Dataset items
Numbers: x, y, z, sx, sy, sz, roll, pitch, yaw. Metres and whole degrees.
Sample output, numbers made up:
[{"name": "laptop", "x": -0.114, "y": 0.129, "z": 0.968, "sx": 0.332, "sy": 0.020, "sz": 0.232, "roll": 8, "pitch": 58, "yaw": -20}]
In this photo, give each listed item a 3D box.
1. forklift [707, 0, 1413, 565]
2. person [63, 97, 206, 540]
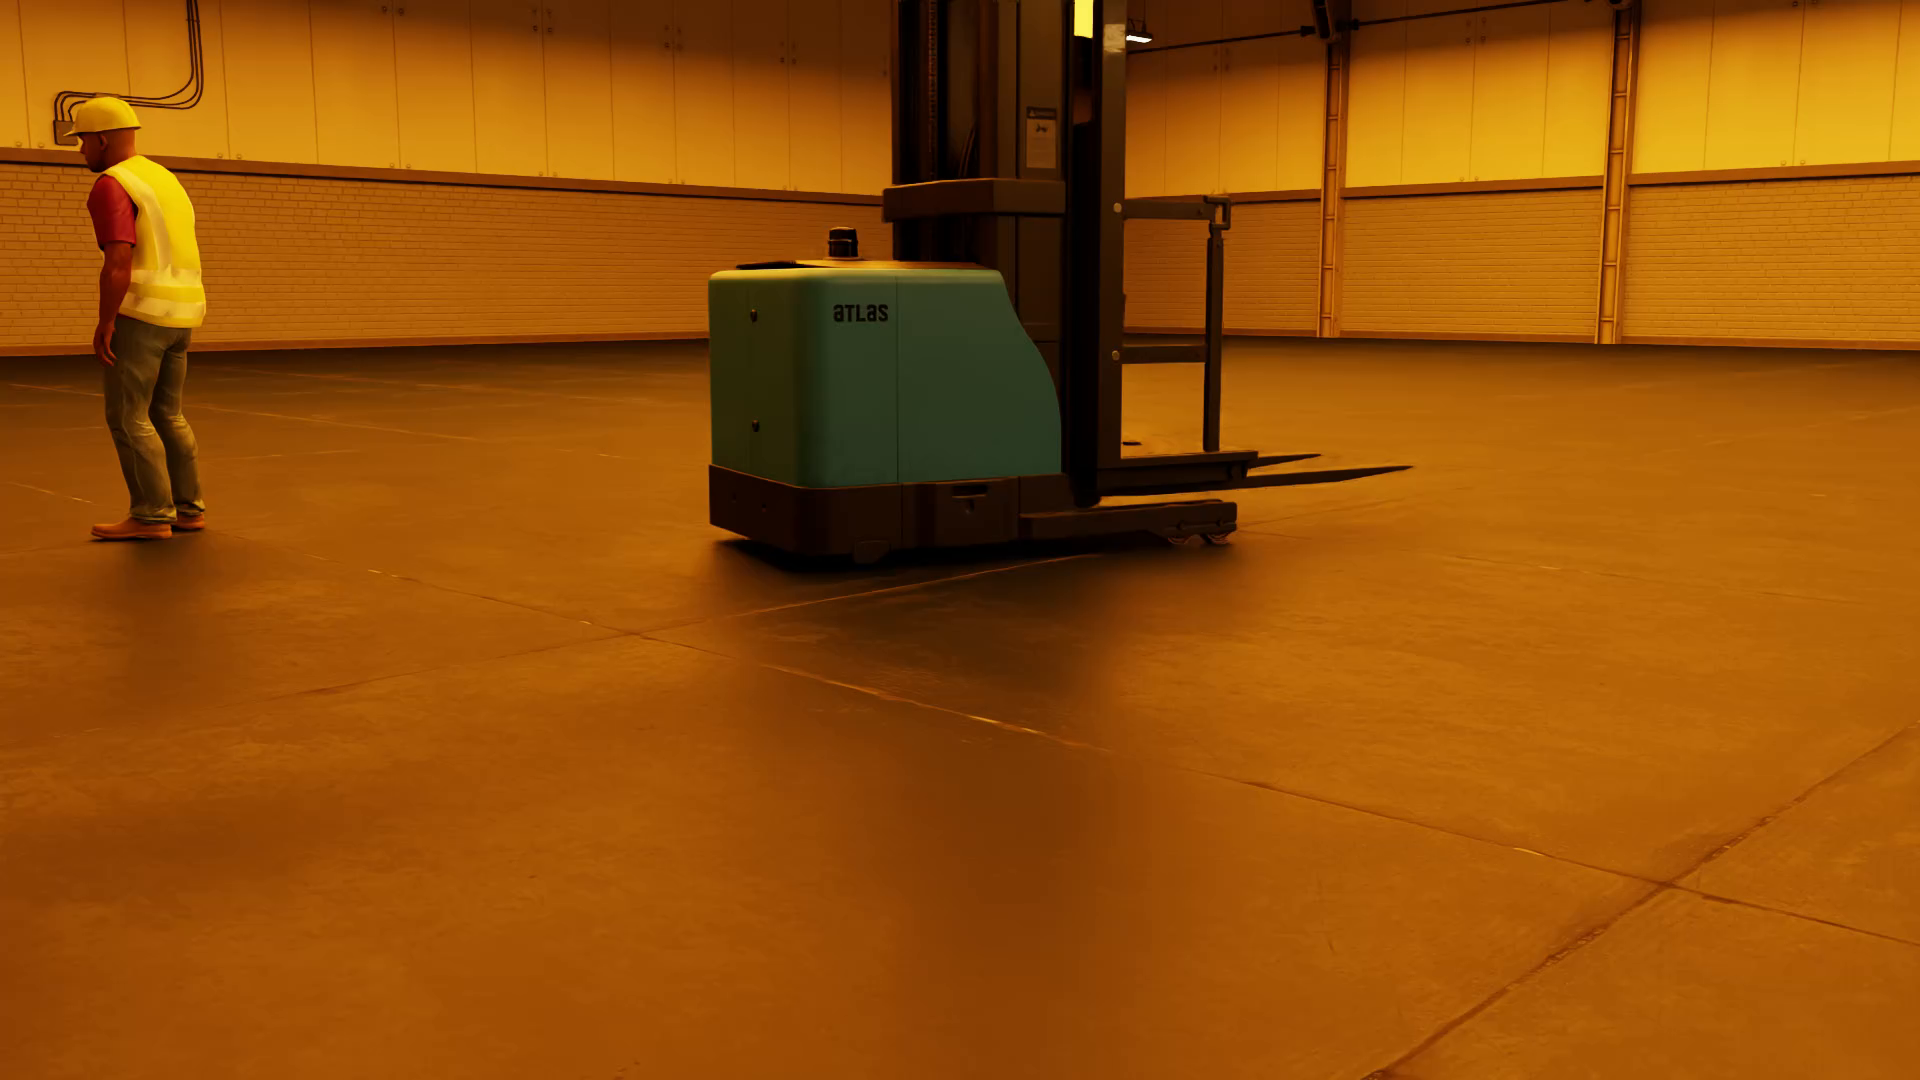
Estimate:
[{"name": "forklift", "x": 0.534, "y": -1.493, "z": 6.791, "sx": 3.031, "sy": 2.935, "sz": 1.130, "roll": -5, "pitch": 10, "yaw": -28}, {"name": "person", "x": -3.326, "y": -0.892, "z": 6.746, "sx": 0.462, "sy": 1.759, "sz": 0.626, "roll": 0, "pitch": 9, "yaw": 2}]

* * *

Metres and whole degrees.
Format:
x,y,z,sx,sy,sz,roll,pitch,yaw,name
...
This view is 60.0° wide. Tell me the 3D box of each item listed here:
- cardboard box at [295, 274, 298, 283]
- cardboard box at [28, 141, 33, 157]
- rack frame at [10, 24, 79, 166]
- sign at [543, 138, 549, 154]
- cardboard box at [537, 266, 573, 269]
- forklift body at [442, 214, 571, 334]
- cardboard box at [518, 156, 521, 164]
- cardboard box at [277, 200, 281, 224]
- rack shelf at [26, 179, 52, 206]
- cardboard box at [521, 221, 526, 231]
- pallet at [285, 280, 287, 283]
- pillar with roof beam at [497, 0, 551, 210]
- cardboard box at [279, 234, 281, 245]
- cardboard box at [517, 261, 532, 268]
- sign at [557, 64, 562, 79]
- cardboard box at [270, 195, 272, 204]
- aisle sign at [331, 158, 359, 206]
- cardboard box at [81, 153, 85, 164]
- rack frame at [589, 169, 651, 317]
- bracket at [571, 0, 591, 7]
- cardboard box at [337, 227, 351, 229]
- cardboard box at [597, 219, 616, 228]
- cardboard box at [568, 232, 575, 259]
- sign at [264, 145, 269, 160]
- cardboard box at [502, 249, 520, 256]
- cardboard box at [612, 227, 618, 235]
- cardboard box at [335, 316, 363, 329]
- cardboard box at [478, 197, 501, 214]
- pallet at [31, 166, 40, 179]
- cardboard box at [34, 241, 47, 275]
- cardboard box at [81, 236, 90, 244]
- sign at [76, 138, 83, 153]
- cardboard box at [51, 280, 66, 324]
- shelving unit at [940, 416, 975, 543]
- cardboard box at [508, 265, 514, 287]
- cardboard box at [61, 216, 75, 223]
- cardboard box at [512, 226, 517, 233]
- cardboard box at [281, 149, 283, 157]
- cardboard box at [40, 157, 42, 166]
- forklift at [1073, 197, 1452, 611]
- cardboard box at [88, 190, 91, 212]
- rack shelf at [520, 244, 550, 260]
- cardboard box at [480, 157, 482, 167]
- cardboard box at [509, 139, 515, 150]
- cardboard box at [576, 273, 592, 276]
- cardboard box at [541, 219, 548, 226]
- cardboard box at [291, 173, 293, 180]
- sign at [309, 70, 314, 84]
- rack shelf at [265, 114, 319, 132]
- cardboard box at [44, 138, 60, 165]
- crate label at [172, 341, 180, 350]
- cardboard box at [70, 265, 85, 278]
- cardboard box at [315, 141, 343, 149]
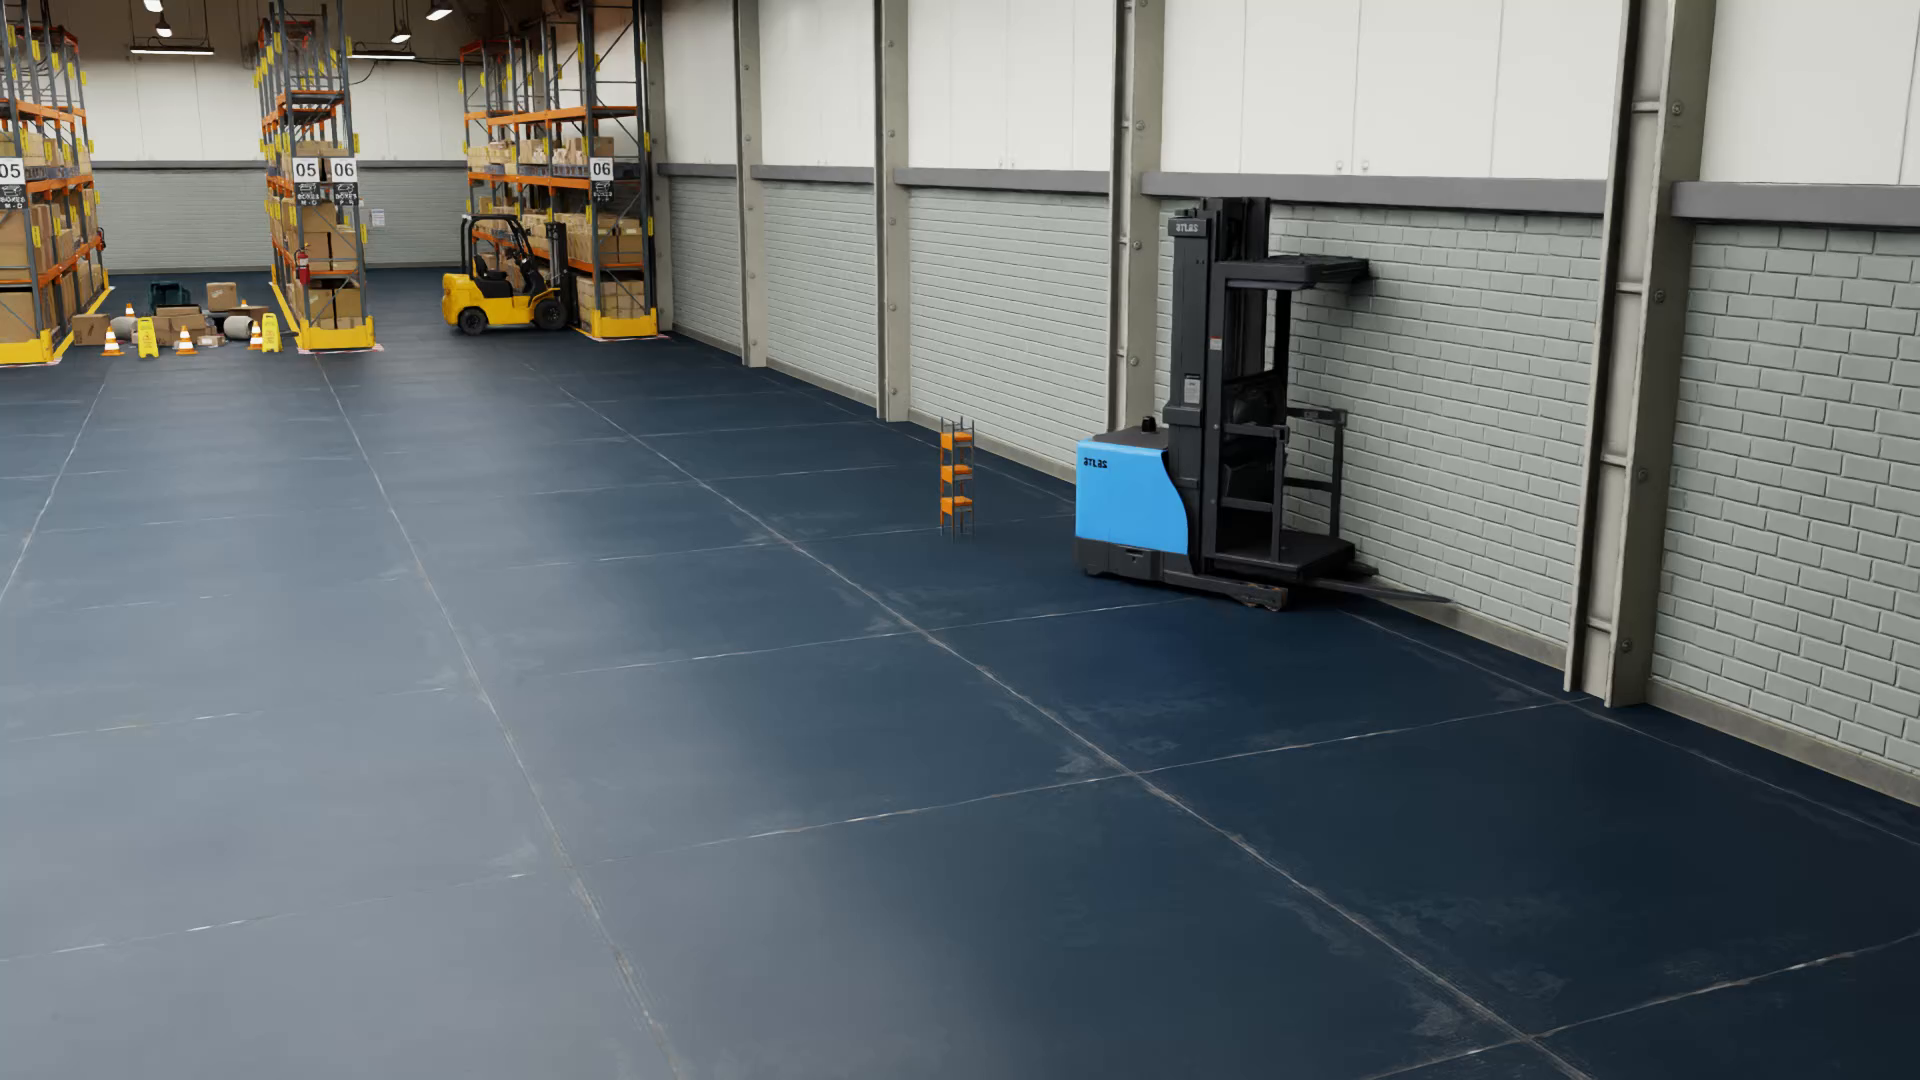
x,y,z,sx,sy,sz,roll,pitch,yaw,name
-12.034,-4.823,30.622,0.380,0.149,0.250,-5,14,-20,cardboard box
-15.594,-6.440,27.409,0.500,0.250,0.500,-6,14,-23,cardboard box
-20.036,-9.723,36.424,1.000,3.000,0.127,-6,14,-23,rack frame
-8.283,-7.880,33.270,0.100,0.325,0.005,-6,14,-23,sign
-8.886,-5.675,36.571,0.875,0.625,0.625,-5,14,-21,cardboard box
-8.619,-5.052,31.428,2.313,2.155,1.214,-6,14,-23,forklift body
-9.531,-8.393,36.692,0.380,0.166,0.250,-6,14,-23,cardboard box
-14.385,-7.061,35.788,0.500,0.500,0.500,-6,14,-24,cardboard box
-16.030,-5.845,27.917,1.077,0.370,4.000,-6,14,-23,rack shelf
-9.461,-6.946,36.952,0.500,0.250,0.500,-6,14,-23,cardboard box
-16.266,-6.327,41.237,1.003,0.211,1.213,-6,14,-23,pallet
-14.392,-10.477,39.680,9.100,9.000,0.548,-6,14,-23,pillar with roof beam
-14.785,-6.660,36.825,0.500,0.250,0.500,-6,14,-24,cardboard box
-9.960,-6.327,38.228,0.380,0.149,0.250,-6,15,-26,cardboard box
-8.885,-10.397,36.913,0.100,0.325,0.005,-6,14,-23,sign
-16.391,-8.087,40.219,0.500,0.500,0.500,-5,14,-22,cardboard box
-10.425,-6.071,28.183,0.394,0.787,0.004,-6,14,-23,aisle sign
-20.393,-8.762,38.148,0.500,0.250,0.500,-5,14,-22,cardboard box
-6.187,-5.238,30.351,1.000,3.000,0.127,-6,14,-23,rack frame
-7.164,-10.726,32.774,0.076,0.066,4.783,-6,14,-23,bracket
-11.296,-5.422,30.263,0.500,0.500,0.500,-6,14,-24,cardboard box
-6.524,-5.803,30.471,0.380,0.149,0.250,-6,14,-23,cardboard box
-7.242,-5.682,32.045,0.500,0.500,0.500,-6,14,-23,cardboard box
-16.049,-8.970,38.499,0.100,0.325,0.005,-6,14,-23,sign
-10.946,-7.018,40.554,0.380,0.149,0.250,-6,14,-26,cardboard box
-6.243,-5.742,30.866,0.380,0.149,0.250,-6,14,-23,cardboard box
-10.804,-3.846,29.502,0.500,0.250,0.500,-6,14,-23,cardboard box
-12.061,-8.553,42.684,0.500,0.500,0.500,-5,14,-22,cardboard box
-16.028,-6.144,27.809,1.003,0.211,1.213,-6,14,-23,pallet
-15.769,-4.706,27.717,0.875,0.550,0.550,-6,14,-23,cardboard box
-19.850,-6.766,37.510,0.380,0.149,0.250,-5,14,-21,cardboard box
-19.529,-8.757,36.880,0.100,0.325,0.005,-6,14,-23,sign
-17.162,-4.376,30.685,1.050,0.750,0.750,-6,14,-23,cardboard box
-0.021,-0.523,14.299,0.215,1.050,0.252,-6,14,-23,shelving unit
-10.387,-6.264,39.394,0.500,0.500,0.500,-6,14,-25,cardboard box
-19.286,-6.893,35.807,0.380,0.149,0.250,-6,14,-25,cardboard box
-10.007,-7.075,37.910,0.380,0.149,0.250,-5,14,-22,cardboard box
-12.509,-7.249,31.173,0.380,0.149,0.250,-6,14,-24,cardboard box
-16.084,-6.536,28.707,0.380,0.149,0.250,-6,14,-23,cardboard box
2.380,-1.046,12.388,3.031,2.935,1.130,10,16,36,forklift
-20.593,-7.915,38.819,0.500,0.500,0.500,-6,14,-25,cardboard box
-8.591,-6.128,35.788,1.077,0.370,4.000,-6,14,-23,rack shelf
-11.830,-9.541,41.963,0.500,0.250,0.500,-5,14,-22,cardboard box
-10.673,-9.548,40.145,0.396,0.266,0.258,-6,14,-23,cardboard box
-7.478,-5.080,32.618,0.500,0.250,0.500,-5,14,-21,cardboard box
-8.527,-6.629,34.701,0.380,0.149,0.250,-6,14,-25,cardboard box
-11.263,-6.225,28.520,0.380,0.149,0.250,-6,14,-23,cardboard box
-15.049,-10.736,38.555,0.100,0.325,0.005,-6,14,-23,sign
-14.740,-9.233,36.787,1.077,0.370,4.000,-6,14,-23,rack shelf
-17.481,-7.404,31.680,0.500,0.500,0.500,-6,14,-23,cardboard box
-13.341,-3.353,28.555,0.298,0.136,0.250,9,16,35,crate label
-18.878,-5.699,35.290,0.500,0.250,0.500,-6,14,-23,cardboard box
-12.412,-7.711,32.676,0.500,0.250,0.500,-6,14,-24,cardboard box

=== Work required ===
Within the data above, the lines from the one with "- rack shelf at [265, 114, 319, 132]" to the one with "- cardboard box at [70, 265, 85, 278]" must be repeated exactly; no other line belongs in the answer.

=== Result of the exercise ===
- rack shelf at [265, 114, 319, 132]
- cardboard box at [44, 138, 60, 165]
- crate label at [172, 341, 180, 350]
- cardboard box at [70, 265, 85, 278]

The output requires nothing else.